Finalmente cuando hemos abandonado por un momento la espera, el teléfono de Carolina suena: ¡Julia María ha llegado! y nos piden presentarnos. No sabemos cómo actuar en la sala de espera donde nos dan nuevas instrucciones para recibirla. La sesión refleja nuevamente la naturaleza del procedimiento: nos informan que Julia María tiene 3 meses y, aunque no podremos verla hasta haber completado unos últimos requisitos y haber reconfirmado nuestra intención de adoptar, podremos ver una foto de ella. Correrán 24 horas más, antes de que podamos tenerla en nuestros brazos, bajo la advertencia que la adopción sólo se hará efectiva tras haber comprobado que lo hemos hecho bien durante los primeros meses. ¡Desde luego que sí! Hemos estado listos para esto. Nos citan entonces para el día siguiente, a recibirla.

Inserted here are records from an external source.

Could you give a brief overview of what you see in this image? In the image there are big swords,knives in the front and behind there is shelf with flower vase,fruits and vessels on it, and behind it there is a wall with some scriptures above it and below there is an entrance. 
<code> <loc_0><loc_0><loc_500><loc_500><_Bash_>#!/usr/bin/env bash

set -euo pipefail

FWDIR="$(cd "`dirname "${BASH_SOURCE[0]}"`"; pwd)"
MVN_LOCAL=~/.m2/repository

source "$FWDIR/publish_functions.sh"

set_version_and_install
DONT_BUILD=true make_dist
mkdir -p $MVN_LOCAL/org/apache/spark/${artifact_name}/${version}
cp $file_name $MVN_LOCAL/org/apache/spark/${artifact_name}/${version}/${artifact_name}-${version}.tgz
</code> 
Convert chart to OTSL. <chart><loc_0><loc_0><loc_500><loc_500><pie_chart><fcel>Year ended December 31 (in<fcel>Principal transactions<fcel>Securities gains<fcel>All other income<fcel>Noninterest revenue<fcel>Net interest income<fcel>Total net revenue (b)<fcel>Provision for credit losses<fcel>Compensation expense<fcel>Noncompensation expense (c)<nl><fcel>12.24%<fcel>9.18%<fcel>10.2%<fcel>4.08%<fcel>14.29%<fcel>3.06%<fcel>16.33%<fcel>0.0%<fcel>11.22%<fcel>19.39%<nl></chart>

Carolina y yo hemos llegado con Pacho y Laura, y antes de recibir a Julia María nos han llamado a una última entrevista. La solemnidad del momento así lo amerita: nuestras vidas están por cambiar (aunque habían cambiado en el instante en que tomamos la decisión de adoptar a Julia María). Por fin, se abre la puerta con la enfermera sosteniendo a Julia María. Carolina llora emocionada y extiende sus brazos para recibir a su hija: el encuentro ocurre de manera natural y ambas, Carolina y Julia María, ríen satisfechas, mirándose a los ojos, como si siempre se hubieran conocido. El tiempo de espera se ha acabado, nuestras vidas han cambiado, y Carolina ya no será la misma: ahora será, para el resto de sus días, madre.